* [WHAT IS REQUIRED] The expected answer comprises all lines from the entries that contain the string "about".

(Collected data entries)
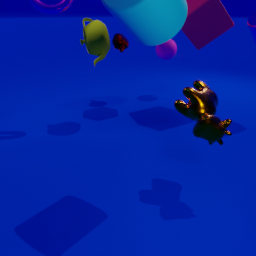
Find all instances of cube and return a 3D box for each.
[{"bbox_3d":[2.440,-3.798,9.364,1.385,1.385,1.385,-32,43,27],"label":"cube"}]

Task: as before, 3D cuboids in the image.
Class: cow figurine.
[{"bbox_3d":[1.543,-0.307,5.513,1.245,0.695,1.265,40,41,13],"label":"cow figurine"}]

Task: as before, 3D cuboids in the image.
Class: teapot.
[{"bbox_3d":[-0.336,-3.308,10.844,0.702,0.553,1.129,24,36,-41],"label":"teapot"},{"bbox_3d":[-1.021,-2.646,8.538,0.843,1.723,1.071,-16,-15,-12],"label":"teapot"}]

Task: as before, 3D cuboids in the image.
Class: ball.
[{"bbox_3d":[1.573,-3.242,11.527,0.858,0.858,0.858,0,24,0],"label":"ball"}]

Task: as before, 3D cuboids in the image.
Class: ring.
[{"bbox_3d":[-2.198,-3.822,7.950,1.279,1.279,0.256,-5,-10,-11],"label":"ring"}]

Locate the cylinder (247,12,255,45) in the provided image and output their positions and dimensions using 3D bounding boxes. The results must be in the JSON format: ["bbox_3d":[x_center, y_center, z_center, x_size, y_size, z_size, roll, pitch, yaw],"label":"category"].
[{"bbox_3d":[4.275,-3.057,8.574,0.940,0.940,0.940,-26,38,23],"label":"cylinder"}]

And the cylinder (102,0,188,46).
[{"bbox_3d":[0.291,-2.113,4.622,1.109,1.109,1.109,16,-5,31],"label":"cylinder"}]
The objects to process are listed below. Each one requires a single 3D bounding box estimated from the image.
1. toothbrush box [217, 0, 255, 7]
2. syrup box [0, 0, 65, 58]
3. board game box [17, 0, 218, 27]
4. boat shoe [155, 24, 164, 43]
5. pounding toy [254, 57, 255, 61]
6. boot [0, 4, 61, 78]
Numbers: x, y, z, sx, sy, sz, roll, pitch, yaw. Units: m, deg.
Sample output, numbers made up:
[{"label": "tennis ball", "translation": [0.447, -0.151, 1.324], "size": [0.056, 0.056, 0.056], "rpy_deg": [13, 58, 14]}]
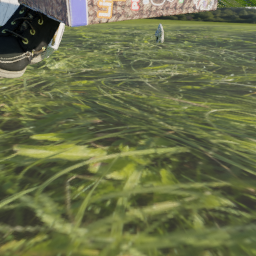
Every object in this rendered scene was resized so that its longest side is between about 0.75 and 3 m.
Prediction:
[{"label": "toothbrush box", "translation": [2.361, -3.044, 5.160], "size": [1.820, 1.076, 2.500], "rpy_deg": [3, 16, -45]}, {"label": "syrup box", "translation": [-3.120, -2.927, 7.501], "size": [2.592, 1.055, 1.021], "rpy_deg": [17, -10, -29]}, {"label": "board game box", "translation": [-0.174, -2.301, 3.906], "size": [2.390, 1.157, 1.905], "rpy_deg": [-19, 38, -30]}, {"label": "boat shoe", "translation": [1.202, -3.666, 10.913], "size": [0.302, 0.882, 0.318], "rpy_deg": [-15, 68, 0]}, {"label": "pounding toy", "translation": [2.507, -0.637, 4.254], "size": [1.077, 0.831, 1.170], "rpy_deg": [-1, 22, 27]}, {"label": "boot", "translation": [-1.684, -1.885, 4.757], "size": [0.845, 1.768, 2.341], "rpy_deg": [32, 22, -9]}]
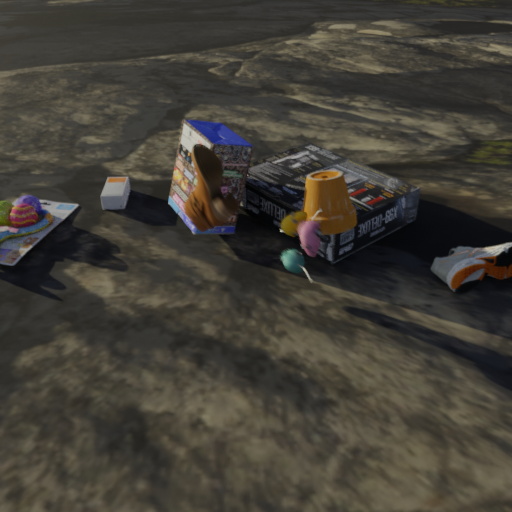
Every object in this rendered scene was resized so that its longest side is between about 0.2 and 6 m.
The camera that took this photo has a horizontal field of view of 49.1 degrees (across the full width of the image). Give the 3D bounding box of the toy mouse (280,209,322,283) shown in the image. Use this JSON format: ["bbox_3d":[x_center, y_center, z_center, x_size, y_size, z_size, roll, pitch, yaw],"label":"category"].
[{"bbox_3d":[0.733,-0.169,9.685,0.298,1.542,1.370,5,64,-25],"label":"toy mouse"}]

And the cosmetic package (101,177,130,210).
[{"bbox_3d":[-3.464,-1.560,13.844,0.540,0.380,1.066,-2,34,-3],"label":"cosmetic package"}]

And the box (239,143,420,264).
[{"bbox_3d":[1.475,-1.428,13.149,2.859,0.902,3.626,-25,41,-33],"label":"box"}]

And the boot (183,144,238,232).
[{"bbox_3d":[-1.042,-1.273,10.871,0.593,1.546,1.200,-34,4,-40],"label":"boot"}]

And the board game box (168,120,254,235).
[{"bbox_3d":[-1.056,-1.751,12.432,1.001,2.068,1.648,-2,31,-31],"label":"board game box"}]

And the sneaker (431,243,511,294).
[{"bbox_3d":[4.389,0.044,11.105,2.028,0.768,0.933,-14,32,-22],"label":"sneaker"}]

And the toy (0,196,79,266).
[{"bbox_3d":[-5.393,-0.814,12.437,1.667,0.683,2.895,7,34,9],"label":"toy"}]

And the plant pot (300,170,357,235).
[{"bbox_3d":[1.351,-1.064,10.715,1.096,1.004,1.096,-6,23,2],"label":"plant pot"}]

* [SOLUTION TO THIS EXERCISE]
Every object in this rendered scene was resized so that its longest side is between about 0.75 and 3 m.
Every object in this rendered scene was resized so that its longest side is between about 0.2 and 6 m.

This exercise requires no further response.